Na de leverdonatie operatie
Na de operatie gaat u naar de intensive care afdeling. Hier mag u bezoek ontvangen. Leverdonoren hebben na de operatie vaak enkele dagen pijn, die soms lastig te bestrijden is. U mag namelijk niet heel veel pijnstillers hebben omdat uw lever nu minder goed werkt. Als de juiste hoeveelheid pijnstilling is gevonden en er verder geen problemen zijn, gaat u naar de verpleegafdeling.
De meeste donoren liggen ongeveer 10 dagen in het ziekenhuis. Houd er rekening mee dat u daarna nog enkele weken thuis moet herstellen.
Klachten door verwijderen deel lever en galblaas
Omdat leverweefsel zich snel vernieuwt, groeit uw lever binnen enkele weken weer aan. Door het verwijderen van uw galblaas kunt u in het begin wat last hebben van diarree en moet u opletten met vet eten. Maar na een tijdje past uw lichaam zich aan en verdwijnen de klachten meestal.
Een tijdje hulp in de huishouding nodig
Als u weer thuis bent, zult u een tijdje hulp in de huishouding nodig hebben. Kijk of familie of vrienden u kunnen helpen. Als dat niet kan, kunt u huishoudelijke hulp aanvragen bij de gemeente. Of hulp inhuren bij een bedrijf dat huishoudelijke hulp levert in uw woonplaats. De kosten hiervan worden tot maximaal € 300 euro vergoed. U leest er meer over bij Onkosten en vergoedingen. De maatschappelijk werker van het transplantatieziekenhuis kan u er ook meer over vertellen.
Regelmatig op controle
Drie maanden na de operatie komt u op controle bij de chirurg. Dit gebeurt opnieuw zes maanden en een jaar na de operatie. Daarna komt u minstens 5 jaar lang om het jaar op controle bij een arts of verpleegkundige van het transplantatieteam. Die checkt het functioneren van uw lever en uw algemene gezondheid en bespreekt met u hoe het met u gaat en ook of u geestelijk nog last hebt van de donatie. Voor de operatie en de controles hoeft u niets te betalen.

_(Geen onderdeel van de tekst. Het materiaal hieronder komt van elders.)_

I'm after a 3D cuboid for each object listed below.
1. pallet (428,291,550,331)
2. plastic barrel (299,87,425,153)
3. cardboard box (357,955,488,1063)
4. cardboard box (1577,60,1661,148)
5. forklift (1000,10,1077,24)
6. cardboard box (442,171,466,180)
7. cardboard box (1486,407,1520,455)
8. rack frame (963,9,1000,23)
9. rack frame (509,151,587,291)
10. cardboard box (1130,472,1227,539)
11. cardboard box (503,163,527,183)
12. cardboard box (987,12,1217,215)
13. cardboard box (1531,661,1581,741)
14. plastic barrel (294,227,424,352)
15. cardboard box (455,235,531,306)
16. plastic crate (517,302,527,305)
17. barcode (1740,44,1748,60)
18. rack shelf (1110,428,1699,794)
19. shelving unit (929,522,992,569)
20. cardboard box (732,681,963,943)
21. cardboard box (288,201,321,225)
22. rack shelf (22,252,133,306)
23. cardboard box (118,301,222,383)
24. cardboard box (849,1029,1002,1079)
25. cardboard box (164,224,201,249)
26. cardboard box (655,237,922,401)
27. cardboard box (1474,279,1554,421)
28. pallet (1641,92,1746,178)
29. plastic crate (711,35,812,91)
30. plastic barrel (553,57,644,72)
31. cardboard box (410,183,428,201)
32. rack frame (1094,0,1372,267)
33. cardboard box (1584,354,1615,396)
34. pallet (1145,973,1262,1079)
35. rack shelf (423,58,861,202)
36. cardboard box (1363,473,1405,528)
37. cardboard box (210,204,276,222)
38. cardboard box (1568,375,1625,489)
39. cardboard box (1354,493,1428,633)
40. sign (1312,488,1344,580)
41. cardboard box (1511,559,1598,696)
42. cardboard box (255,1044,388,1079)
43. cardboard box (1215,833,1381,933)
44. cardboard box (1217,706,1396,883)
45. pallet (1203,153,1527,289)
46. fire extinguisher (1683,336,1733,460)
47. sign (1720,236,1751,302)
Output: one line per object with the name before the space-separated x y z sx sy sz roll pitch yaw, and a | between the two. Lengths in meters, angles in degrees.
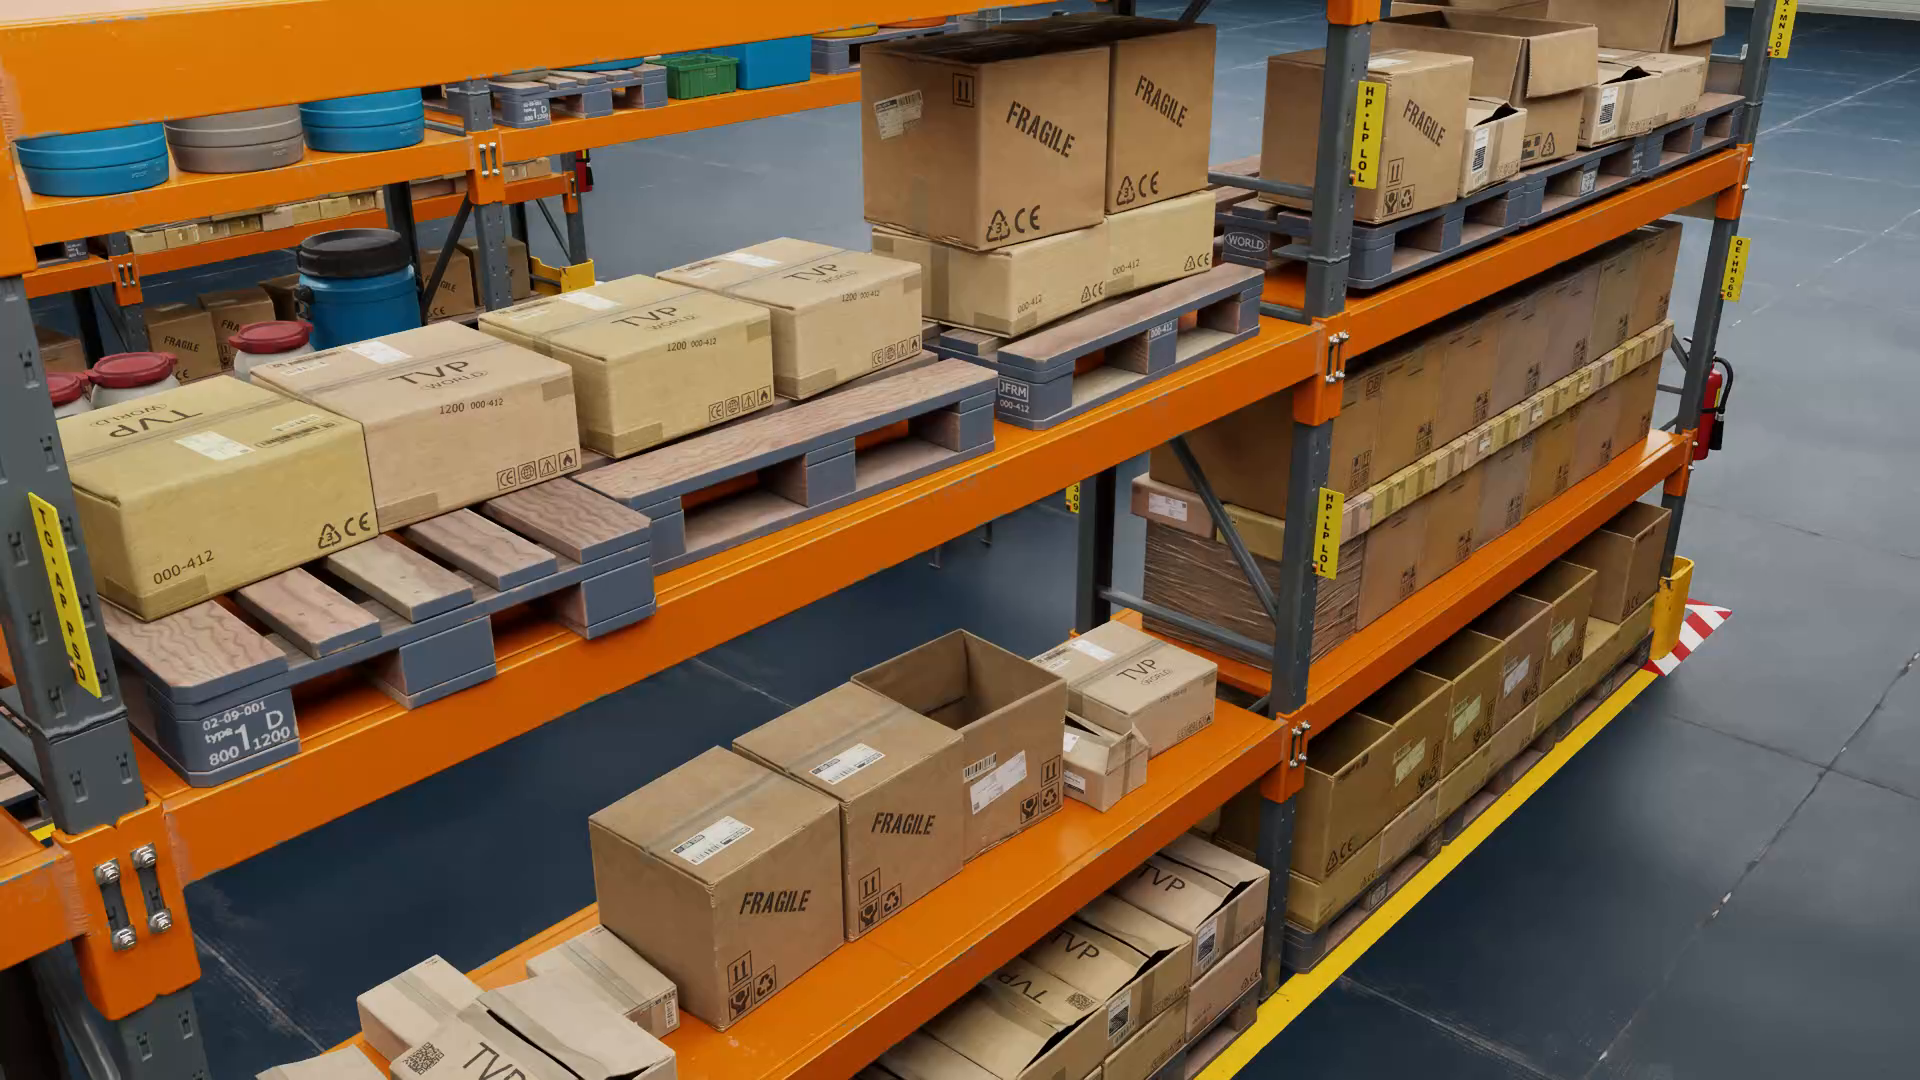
pallet | -4.452 -2.066 15.100 1.003 0.211 1.213 20 31 38
plastic barrel | -2.991 -2.412 8.184 0.600 0.901 0.708 20 31 38
cardboard box | -1.402 1.309 4.471 0.380 0.149 0.250 20 31 38
cardboard box | 2.599 -1.885 7.046 0.500 0.311 0.500 -20 31 -37
forklift | 0.244 -2.596 12.958 1.130 2.935 3.031 -20 31 -38
cardboard box | -4.464 -3.436 14.261 0.875 0.500 0.500 20 31 38
cardboard box | 2.227 -0.518 7.325 0.380 0.149 0.250 20 31 37
rack frame | -0.144 -4.985 10.868 1.000 3.000 0.127 20 31 38
rack frame | -3.832 -3.600 15.112 1.000 3.000 0.127 20 31 38
cardboard box | 0.895 -0.158 6.520 0.380 0.149 0.250 20 31 37
cardboard box | -4.036 -3.266 14.674 0.380 0.149 0.250 20 31 38
cardboard box | 0.432 -1.332 5.141 0.500 0.500 0.500 21 31 38
cardboard box | 2.747 0.722 8.321 0.500 0.250 0.500 20 31 38
plastic barrel | -3.297 -1.222 9.197 0.600 0.901 0.708 20 31 38
cardboard box | -4.262 -2.465 15.123 0.500 0.500 0.500 -17 29 -34
plastic crate | -2.369 -1.125 9.668 0.767 0.338 0.504 20 31 38
barcode | 3.700 -2.303 7.845 0.001 0.075 0.075 20 31 38
rack shelf | 2.207 0.044 7.865 1.077 0.370 4.000 20 31 38
shelving unit | -0.110 -0.908 10.208 0.431 2.100 0.503 20 31 38
cardboard box | -0.338 0.822 5.128 0.500 0.500 0.500 20 31 38
cardboard box | -5.319 -2.637 13.273 0.380 0.149 0.250 20 31 38
rack shelf | -7.837 -1.443 11.182 1.077 0.370 4.000 20 31 38
cardboard box | -6.205 -1.543 13.067 0.500 0.500 0.500 19 30 36
cardboard box | -0.200 1.798 5.236 0.500 0.311 0.500 20 31 37
cardboard box | -5.958 -2.322 12.570 0.380 0.149 0.250 20 31 38
cardboard box | -0.449 -0.601 4.428 0.500 0.250 0.500 17 29 33
cardboard box | 2.169 -0.908 7.401 0.700 0.500 0.500 20 31 38
pallet | 3.051 -2.014 8.016 1.003 0.211 1.213 20 31 38
plastic crate | -1.192 -2.945 10.006 0.392 0.384 0.575 20 31 38
plastic barrel | -2.070 -3.092 9.186 0.600 0.901 0.708 20 31 38
cardboard box | -4.691 -2.956 13.985 0.380 0.149 0.250 20 31 38
rack frame | 0.873 -2.412 5.131 1.000 3.000 0.127 20 31 38
cardboard box | 2.915 -0.833 8.025 0.380 0.149 0.250 21 31 38
pallet | 0.410 1.833 6.404 1.003 0.211 1.213 20 31 38
rack shelf | -1.479 -2.678 10.270 1.077 0.370 4.000 20 31 38
cardboard box | 1.535 -0.201 6.617 0.380 0.149 0.250 19 30 36
cardboard box | -5.796 -2.825 12.899 0.875 0.500 0.500 20 31 38
cardboard box | 2.874 -0.639 8.387 0.700 0.500 0.500 21 32 39
cardboard box | 1.511 -0.020 7.006 0.700 0.500 0.500 20 31 37
sign | 1.283 -0.022 5.814 0.100 0.325 0.005 20 31 38
cardboard box | 2.749 0.381 8.166 0.500 0.500 0.500 20 31 38
cardboard box | -1.522 1.486 3.879 0.500 0.311 0.500 -22 32 -40
cardboard box | 1.408 1.330 6.965 0.500 0.250 0.500 20 31 38
cardboard box | 1.415 0.990 6.806 0.500 0.500 0.500 20 31 38
pallet | 1.423 -1.270 6.358 1.003 0.211 1.213 20 31 38
fire extinguisher | 3.967 -0.767 8.890 0.296 0.674 0.183 20 31 38
sign | 3.937 -1.378 8.451 0.100 0.325 0.005 20 31 38

Nazorg door de maatschappelijk werker
Ook na ontslag uit het ziekenhuis kunt u begeleiding krijgen vanuit het transplantatieziekenhuis. U kunt bijvoorbeeld een gesprek aanvragen bij de maatschappelijk werker als u geestelijk last hebt van de donatie. De maatschappelijk werker kan ook helpen bij het aanvragen van de Onkostenvergoeding donatie bij leven. Ook houdt de coördinator leverdonatie bij leven contact met u.